Now for a story that should give all of us pause. A prominent AI professor in Australia, Toby Walsh from the University of New South Wales, delivered a stark warning at the National Press Club this week. He said he's seeing signs of psychosis and mania in some Australians' interactions with AI chatbots. He accused Silicon Valley of being careless with the technology in pursuit of profit, and expressed despair at his government's lack of regulatory response. This isn't an isolated concern. A speculative report from research firm Citrini Research went viral this week, rattling stocks in companies like Uber, Mastercard, and American Express by describing a scenario — not a prediction, they stressed — where autonomous AI agents destabilize the entire US economy. Shares moved. Markets got jittery.
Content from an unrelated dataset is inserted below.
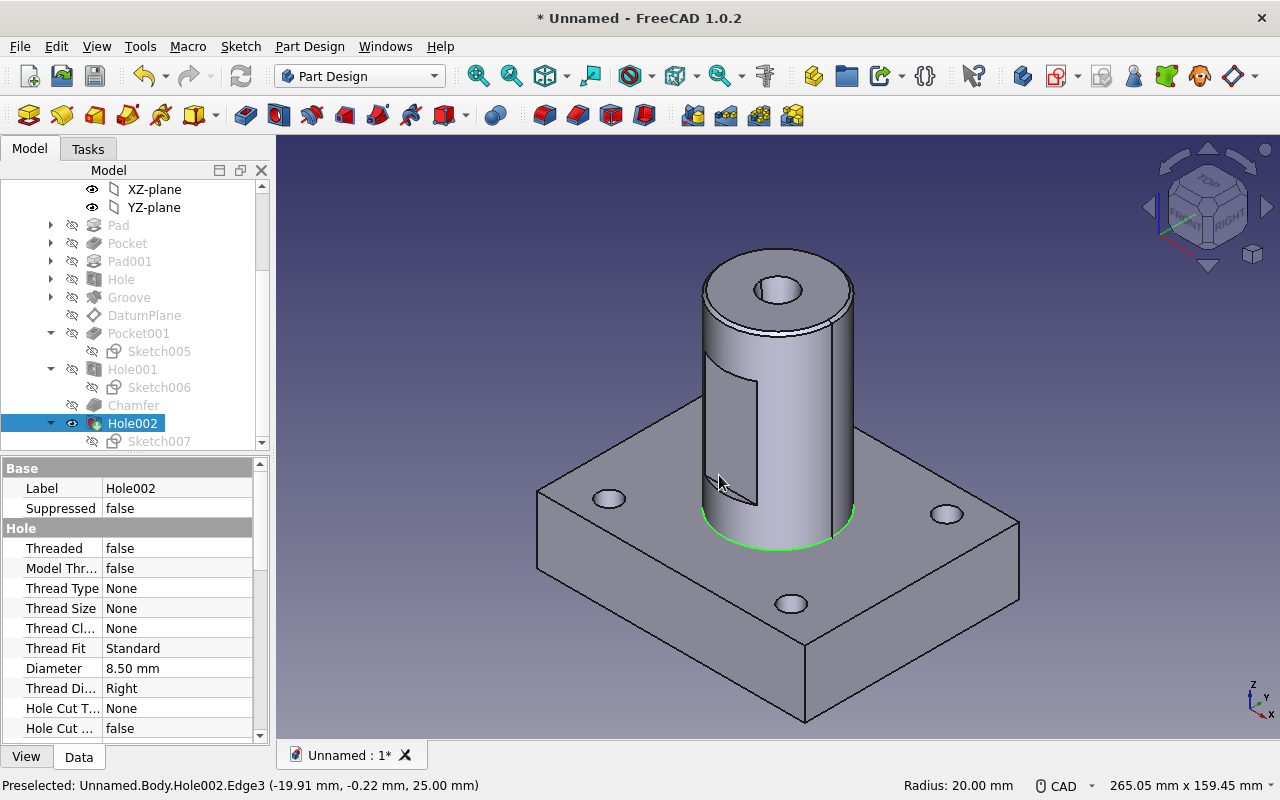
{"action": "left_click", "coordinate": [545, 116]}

Taken together, these stories point to a society that is genuinely struggling to process the pace of AI deployment. We have chatbots affecting mental health, markets spooked by thought experiments, and simultaneously, OpenAI's own COO acknowledging that despite all the hype, AI has not yet meaningfully penetrated enterprise business processes. There's a gap between the narrative and the reality — and that gap itself is creating anxiety.
Finally, on a lighter but still revealing note, Uber engineers built an AI chatbot version of their CEO, Dara Khosrowshahi, so employees could practice pitching ideas to him before the real meeting. It's a small story, but it captures something about where we are — AI as a rehearsal space, a mirror, a way to reduce social friction in the workplace. And Google absorbed AI music platform ProducerAI into its Labs division, powering it with a preview of its Lyria 3 model. Wyclef Jean already used the tools on a new track. Creative AI is moving fast.
That's your Daily Inference for February 25th, 2026. The through-line today? AI is no longer just a technical story. It's a geopolitical story, an infrastructure story, a public health story, and a philosophical story about who controls these systems and to what ends. The decisions being made right now — in Pentagon conference rooms, chip foundries, and model architecture labs — will shape the next decade in ways we're only beginning to understand.